虎太郎 「宇宙兄弟」とか、宇宙に苦労していく、みたいな話に対して、南極というのはギリギリ女子高生が行けそうで行けない。そういう意味では絶妙なチョイスです。

立月 宇宙同様、日常からは遠い場所ですしね。遠いようで比較的行けそう。だから比較級でのタイトルになったのかなと今ふと思いました。

虎太郎 「ガールズ&パンツァー」であるとか、「ゆるキャン△」であるとか、女子高生がらしからぬ趣味をする系列には、「隔離されている」というのがやっぱり大切なんですよね。
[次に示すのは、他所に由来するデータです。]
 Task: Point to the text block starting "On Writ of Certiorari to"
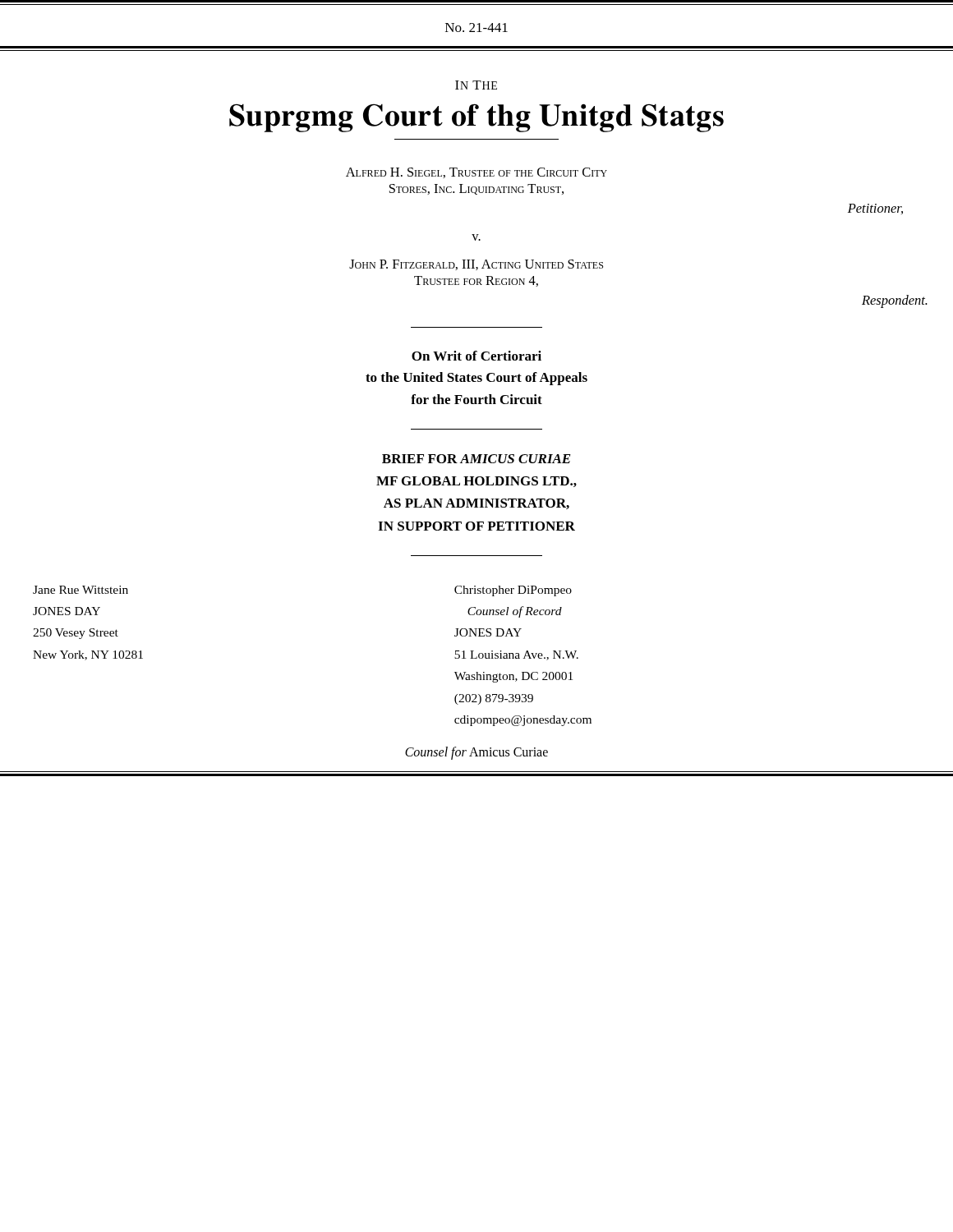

*1

立月 ヤマノススメ」しかり。「はるかなレシーブ」しかりね。 あと「ハナヤマタ」とかもそうですよね。

三ツ岩 隔離されることで特別な効果が生まれると?

虎太郎 やっぱり女子高生はフィクションでは恋をしてしまう。だから、そういうところから隔離して、女の子同士の純粋な関係性を描きたいんだと思います。どの作品もほとんど男性は出てきませんし。

立月 隔離された世界だからこそそのある種異色な趣味が当たり前に見える。 男性が出てこないというのも結構重要なポイントですよね。

葵の下 男性の出て来なさ、はまどマギみたいな感じですか?それとは違う?

虎太郎 あれよりもさらに排除されていると思いますよ。例えば「宇宙よりも遠い場所」に話を戻すと、「女の子同士が仲良くする」というより、「仲良くせざるを得ない」ような環境だと思います。だって女子高生は4人しかいない。男性を巡って衝突したりのしようがない。

立月 宇宙よりも遠い場所」では男性は登場するのですが、かなり年上のお兄さんといった人物ですしね。しかもダメダメだし。(笑)

三ツ岩 なるほど。それによって女の子同士の関係というのが描けると。同年代の男子は、「よりもい」に持ち込んでも雑味にしかならなさそうですね…

葵の下 アニメにおける「女の子同士の関係」っていうのは面白いテーマかもしれないですね。

虎太郎 男性キャラが出てくると、やっぱり女の子同士の関係は「どっちが選ばれるか」という話になってしまうと思う。南極でそんなしている場合じゃないんですよ。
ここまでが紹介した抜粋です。